They explain 'the leanings' (tho I don't know that they ever use 'that word') this way:
Explanation of Quadrants
Left-liberalism (Social Liberalism): Individuals in this quadrant seek to uphold individual liberty while taxing the market to provide social benefits for those in need. They tend to see themselves as seeking balance between individual liberty and social justice, and to be in favor of multiculturalism, secular government, and international cooperation. While they are typically skeptical of state involvement in social affairs, they nevertheless see a legitimate role for the state in combating discrimination and ensuring equal treatment.
Right-communitarianism (Conservatism): Individuals in this quadrant seek to retain the traditional social and economic order and to uphold the sovereignty of the state. They tend to see themselves as the defenders of what their forebears would have wanted, favoring strict immigration laws, traditional values, and a strong military. While they typically see a role for the state in matters of national security and culture, they tend to be more skeptical of state involvement in the economy.
Left-communitarianism (Social Democracy): Individuals in this quadrant seek to promote communal solutions to both social and economic problems. They tend to see themselves as supporting a mode of government that curbs the excesses of capitalism and diminishes inequality by virtue of a mixed economy and a universal welfare state. They seek to encourage collective solutions, economic redistribution and shared values throughout society by means of participatory democracy and the state.
Right-liberalism (Libertarianism): Individuals in this quadrant seek to uphold liberty as the primary political good in all respects. They tend to see themselves as staunch supporters of both personal and economic freedom and are deeply skeptical of collective plans and goals, stressing instead the principle of voluntary association and the individual’s capacity to make his own judgments. They typically see less of a role for the state than individuals in the other three quadrants, believing instead in the spontaneous social order of the market.
Theory and Approach
The Horizontal Axis: Left-Right
In our test, the Left-Right Axis is used as a measure of the respondent's economic views, with the Left favoring state intervention and economic regulation while the Right favors economic freedom and laissez-faire. This means that the Left tends to support state efforts to restrain what they see as the unfair or immoral aspects of the free market while the Right tends to think that transactions between private parties should in principle be free from government interference.
However, a scale covering the respondent's stance on economic issues is not sufficient to explain the considerable variation that is seen within the two groups. Hence we introduce a second axis.

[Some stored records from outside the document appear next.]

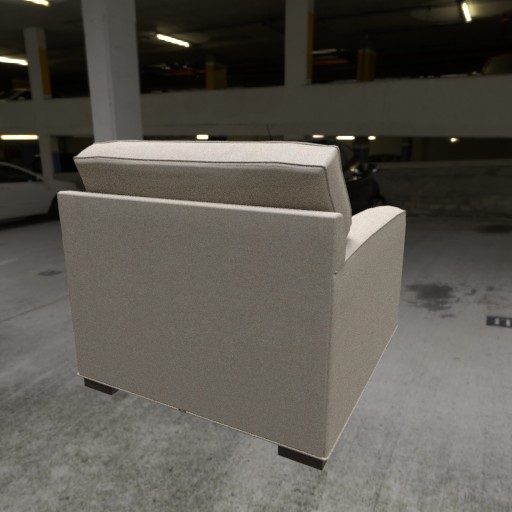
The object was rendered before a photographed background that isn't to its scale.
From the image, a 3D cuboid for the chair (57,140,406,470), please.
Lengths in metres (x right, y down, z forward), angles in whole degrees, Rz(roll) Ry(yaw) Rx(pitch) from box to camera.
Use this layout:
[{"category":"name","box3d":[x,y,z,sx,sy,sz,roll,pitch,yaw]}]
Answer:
[{"category":"chair","box3d":[0.000,0.000,1.794,0.998,0.913,1.043,8,17,27]}]
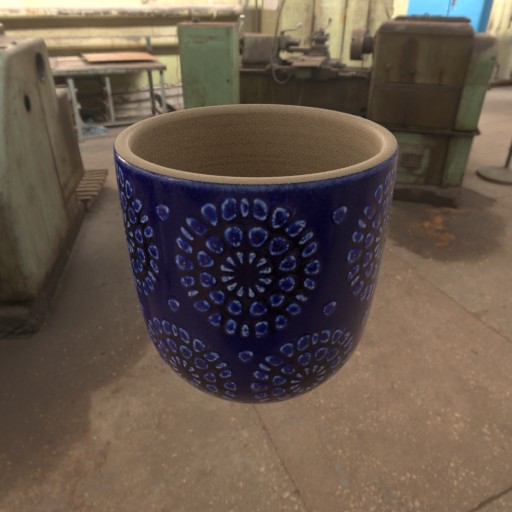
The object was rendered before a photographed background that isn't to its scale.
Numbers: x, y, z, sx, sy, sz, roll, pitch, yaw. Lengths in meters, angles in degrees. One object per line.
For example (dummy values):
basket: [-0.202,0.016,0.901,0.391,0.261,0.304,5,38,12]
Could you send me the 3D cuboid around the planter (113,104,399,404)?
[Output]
planter: [0.000,0.000,0.201,0.109,0.112,0.109,0,30,0]
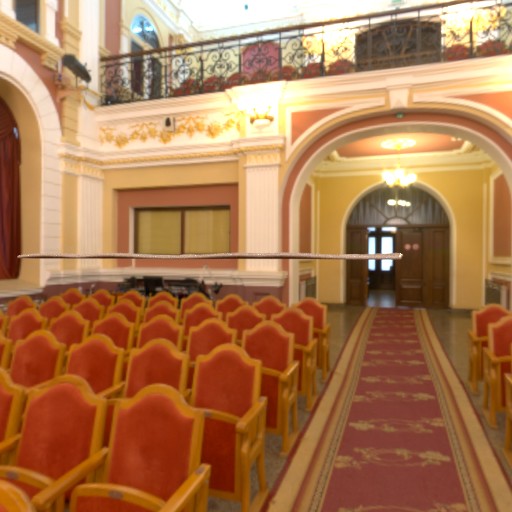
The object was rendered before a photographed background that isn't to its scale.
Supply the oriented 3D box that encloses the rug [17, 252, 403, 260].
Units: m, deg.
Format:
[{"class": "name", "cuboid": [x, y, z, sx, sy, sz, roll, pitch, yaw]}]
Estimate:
[{"class": "rug", "cuboid": [0.000, 0.000, 0.879, 0.551, 0.008, 0.642, 0, 0, 18]}]
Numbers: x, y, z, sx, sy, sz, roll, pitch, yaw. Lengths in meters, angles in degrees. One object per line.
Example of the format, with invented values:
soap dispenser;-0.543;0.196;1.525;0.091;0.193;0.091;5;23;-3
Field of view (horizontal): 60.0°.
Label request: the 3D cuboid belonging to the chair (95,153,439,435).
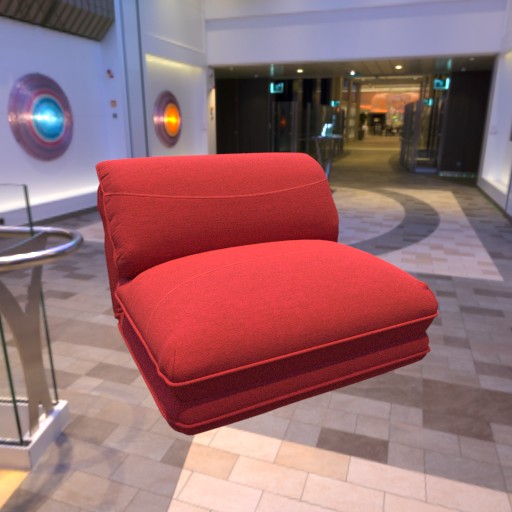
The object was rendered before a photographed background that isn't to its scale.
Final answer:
chair;0.000;0.000;1.368;0.820;0.580;0.780;-9;19;-26
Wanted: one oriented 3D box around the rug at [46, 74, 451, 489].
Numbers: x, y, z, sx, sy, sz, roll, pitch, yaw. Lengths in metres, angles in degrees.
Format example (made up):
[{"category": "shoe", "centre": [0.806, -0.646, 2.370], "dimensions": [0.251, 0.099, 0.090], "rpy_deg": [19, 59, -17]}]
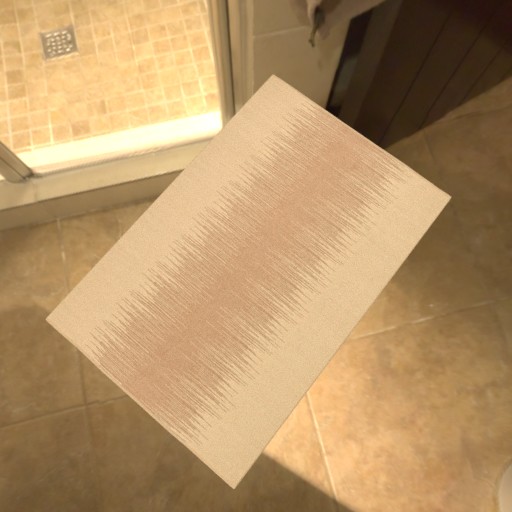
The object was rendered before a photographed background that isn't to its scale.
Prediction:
[{"category": "rug", "centre": [0.000, 0.000, 2.311], "dimensions": [1.234, 0.006, 1.850], "rpy_deg": [38, 78, 9]}]
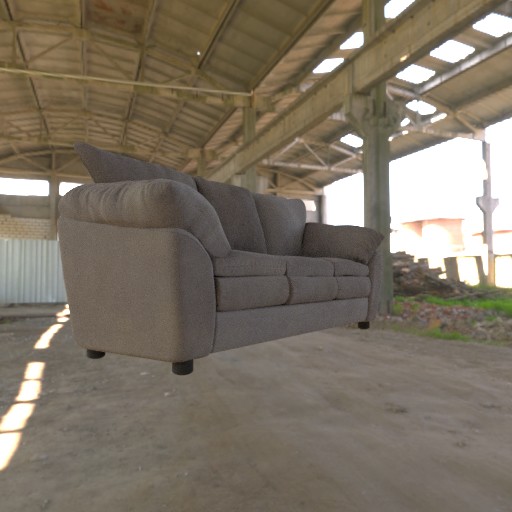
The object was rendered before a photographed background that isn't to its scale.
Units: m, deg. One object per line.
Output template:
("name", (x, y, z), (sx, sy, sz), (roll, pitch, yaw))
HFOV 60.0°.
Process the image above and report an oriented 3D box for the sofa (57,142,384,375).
("sofa", (0.000, 0.000, 2.845), (0.878, 1.073, 2.336), (-2, -3, 36))
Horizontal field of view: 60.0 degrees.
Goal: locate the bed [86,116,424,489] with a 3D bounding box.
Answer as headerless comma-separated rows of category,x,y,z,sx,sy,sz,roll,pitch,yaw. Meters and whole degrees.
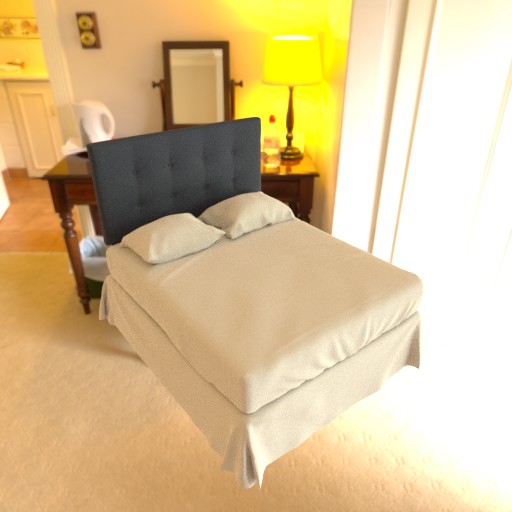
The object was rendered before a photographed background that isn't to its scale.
bed,0.000,0.000,3.407,1.936,1.577,2.222,-21,35,-33
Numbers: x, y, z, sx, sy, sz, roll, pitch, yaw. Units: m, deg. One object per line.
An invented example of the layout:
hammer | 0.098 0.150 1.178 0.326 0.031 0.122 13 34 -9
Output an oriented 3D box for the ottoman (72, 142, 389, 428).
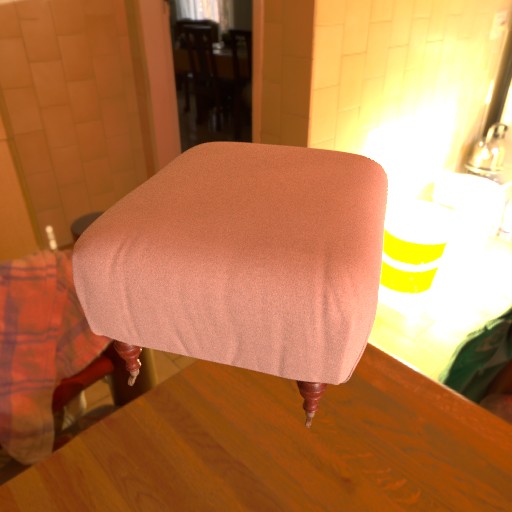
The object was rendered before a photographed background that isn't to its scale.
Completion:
ottoman | 0.000 0.000 1.160 0.622 0.450 0.746 9 32 14
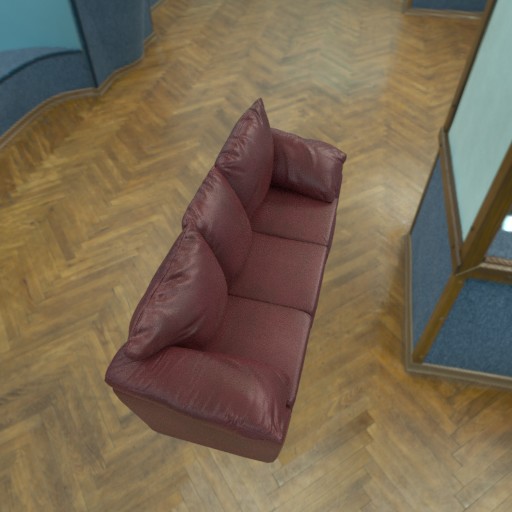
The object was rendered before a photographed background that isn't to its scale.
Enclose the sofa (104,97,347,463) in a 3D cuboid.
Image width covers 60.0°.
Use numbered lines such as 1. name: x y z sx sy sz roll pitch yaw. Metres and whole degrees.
1. sofa: 0.000 0.000 2.874 0.907 1.091 2.390 11 47 10
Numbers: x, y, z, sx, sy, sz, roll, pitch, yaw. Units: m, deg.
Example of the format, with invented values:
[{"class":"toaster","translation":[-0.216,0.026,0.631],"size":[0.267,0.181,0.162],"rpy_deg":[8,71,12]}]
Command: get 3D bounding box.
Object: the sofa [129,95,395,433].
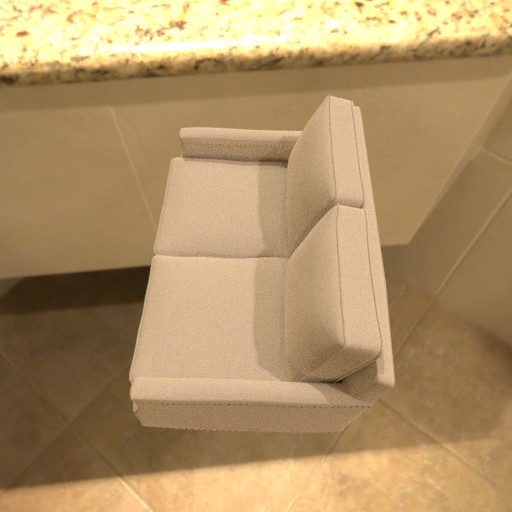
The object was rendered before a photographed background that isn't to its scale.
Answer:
[{"class":"sofa","translation":[0.000,0.000,2.289],"size":[1.084,1.003,1.597],"rpy_deg":[2,58,1]}]

The Vertical Axis: Communitarian-Liberal
All liberals start from the belief that upholding individual liberties is more important than catering to the needs of society. Left Liberals tend to argue that the individual cannot make use of his or her formal liberties without some measure of education and material comfort. In their view, this necessitates redistribution from rich to poor. By contrast, Right Liberals tend to argue that taxing an individual against his will in order to provide welfare benefits to others constitutes an act of coercion and thus a breach of individual liberty. They may support charity and aid for the poor, but they prefer it to be voluntary.
All communitarians start from the belief that the well-being of the community should come before the idiosyncratic desires of specific individuals. Right Communitarians tend to take what might be called a paternal view of politics, favoring a hierarchical society and taking a stern view of threats where criminals belong in prison and foreign powers are deterred by a strong defense. For their part, while the ideologues among the Left tend to hold liberal values, research has tended to point to a sizable segment of voters who combine a left-leaning view of economics with support for the more traditional values of their community and a skeptical view of immigration (Mudde 2013).

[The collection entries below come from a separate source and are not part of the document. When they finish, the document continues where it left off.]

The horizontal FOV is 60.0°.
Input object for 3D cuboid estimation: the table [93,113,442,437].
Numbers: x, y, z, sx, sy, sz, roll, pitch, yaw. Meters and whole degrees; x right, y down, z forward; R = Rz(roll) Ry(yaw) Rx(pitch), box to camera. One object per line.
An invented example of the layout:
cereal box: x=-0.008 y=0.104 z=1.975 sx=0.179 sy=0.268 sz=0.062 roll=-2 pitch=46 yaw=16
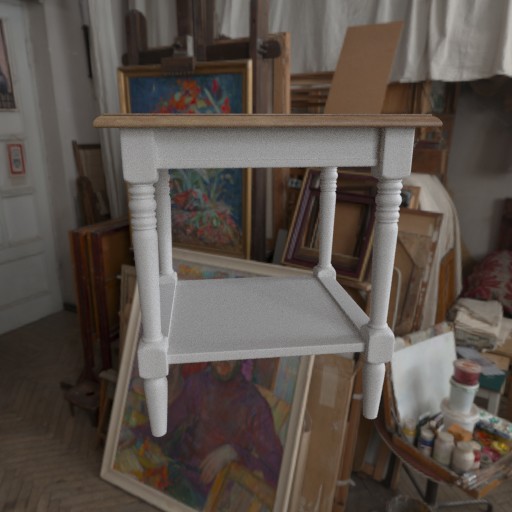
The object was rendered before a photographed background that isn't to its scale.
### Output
table: x=0.000 y=0.000 z=0.931 sx=0.508 sy=0.561 sz=0.457 roll=-2 pitch=17 yaw=-7
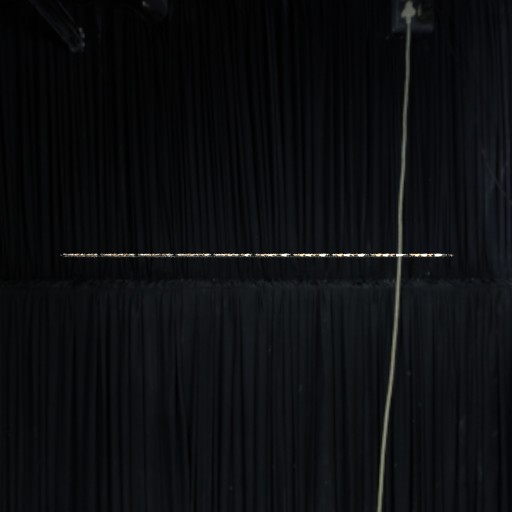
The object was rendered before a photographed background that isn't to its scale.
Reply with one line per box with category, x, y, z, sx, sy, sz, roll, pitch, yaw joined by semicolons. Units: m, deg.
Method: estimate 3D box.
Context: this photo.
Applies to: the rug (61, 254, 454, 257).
rug;0.000;0.000;2.276;1.278;0.009;1.726;0;0;0
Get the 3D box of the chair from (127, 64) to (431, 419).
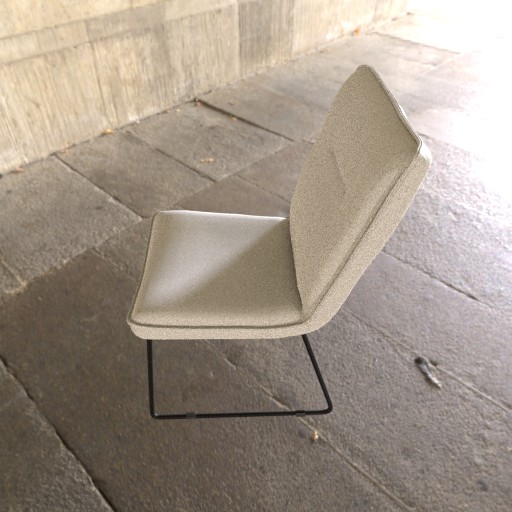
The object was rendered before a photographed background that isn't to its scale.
[{"bbox_3d":[0.000,0.000,1.301,0.688,0.930,0.515,-1,41,-1],"label":"chair"}]
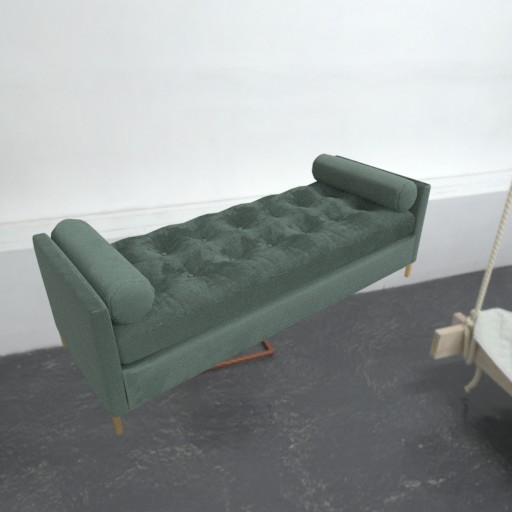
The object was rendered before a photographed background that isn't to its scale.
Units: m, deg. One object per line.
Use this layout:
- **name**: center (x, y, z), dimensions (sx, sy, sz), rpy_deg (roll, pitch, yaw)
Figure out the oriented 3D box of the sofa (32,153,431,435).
- **sofa**: center (0.000, 0.000, 2.507), dimensions (2.102, 0.705, 0.796), rpy_deg (-21, 36, -32)
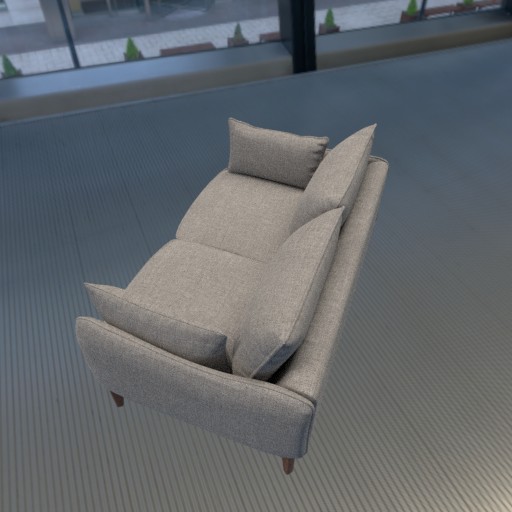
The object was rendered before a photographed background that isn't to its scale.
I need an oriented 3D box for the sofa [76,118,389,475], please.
[{"bbox_3d":[0.000,0.000,2.127,0.972,0.851,1.580,15,47,15],"label":"sofa"}]
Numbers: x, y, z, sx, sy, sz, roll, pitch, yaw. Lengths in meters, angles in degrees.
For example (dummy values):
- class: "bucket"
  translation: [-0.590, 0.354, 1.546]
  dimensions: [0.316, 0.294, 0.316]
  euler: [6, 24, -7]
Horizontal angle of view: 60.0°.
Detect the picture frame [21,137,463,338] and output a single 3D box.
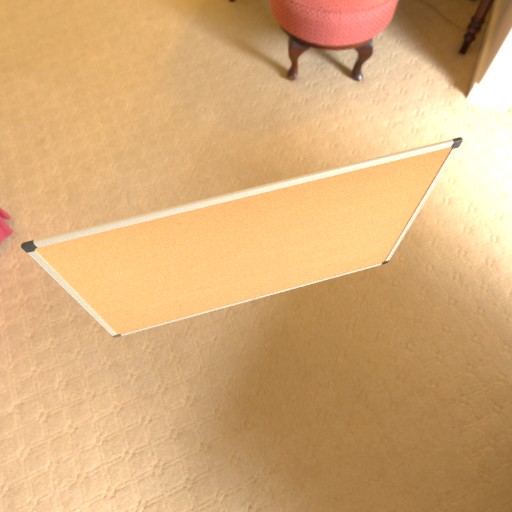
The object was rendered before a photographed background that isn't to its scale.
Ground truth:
- class: "picture frame"
  translation: [0.000, 0.000, 1.132]
  dimensions: [0.900, 0.600, 0.010]
  euler: [-15, 65, -7]

Weaknesses and Limitations
Our test is designed to cover the mainstream of political opinions as found within contemporary Western democracies. This means that our test has trouble accommodating extreme or niche opinions like anarcho-syndicalism, anarcho-capitalism, orthodox socialism, and fascism. While there are political coordinates tests in existence that purport to cover this whole range of opinions within the relatively simple quadrants set up by our scheme, the practical consequences (such as plotting centrist democratic leaders a stone's throw from Hitler and Kim Jong Un) seem to confuse more than inform.
Another issue is that, while both of the axes are equally important in theory, the realities of parliamentary politics tend to show that in practice alliances are rarely formed across the Left-Right divide. Although Liberals and Communitarians should in principle be able to form alliances against their counterparts, this almost never happens in actual politics. Hence, while the Left-Right axis has often been said to be antiquated, it nevertheless remains the single most important scale in American and European politics.
References
Mudde, C.: 'Three decades of populist radical right parties in Western Europe: So what?' European Journal of Political Research Volume 52, Issue 1, January 2013
Know anything else interesting about that? Comment!
Comments
Post a Comment
I appreciate your comment, and I'll probably approve it & publish it soon (give me about a week before you try to post it again when it doesn't publish immediately ... thanks)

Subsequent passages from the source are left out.